§ Directions for this task:
The answer should be one number: how many lines in the records below contain the word "coordinate".

§ Exercise input:

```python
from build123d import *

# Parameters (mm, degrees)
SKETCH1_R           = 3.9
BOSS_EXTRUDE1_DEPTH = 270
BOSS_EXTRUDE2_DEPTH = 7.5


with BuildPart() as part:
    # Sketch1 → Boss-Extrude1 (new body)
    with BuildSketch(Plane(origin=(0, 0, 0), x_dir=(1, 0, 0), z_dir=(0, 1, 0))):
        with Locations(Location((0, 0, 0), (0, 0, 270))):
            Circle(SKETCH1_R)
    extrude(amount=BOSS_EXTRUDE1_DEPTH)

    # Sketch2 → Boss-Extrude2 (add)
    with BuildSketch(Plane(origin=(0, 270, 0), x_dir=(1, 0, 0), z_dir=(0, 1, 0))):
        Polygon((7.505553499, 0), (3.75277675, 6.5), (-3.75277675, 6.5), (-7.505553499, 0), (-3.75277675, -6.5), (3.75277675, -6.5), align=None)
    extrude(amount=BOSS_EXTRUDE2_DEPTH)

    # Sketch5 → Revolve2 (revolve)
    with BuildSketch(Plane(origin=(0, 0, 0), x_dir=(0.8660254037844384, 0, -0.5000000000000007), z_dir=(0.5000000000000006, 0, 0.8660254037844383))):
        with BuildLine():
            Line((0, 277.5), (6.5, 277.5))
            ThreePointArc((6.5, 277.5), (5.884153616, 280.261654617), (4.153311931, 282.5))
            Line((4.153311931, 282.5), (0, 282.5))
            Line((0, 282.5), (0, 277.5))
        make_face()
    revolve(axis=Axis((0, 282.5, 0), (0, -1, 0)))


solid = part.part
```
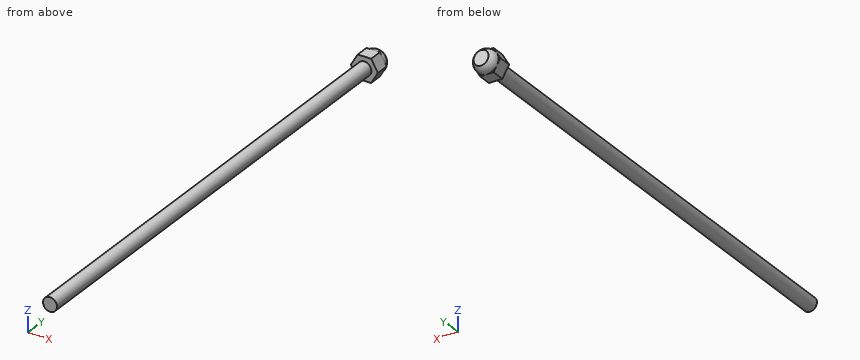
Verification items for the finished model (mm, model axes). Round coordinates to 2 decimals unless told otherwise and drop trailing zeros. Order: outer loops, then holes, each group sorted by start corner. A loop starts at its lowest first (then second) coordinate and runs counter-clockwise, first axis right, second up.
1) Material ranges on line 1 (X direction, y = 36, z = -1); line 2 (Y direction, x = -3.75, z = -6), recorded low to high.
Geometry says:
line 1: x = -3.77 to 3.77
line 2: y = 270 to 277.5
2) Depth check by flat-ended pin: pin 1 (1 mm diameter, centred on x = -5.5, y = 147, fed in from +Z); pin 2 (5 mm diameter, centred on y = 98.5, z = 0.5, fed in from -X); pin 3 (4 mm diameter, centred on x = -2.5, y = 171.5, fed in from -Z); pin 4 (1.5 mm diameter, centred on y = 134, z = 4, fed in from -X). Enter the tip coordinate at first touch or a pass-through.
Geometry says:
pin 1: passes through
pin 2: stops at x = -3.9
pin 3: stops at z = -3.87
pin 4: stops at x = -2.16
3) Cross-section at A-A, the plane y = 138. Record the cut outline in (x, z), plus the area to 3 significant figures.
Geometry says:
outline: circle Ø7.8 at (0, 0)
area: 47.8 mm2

§ Response below:
2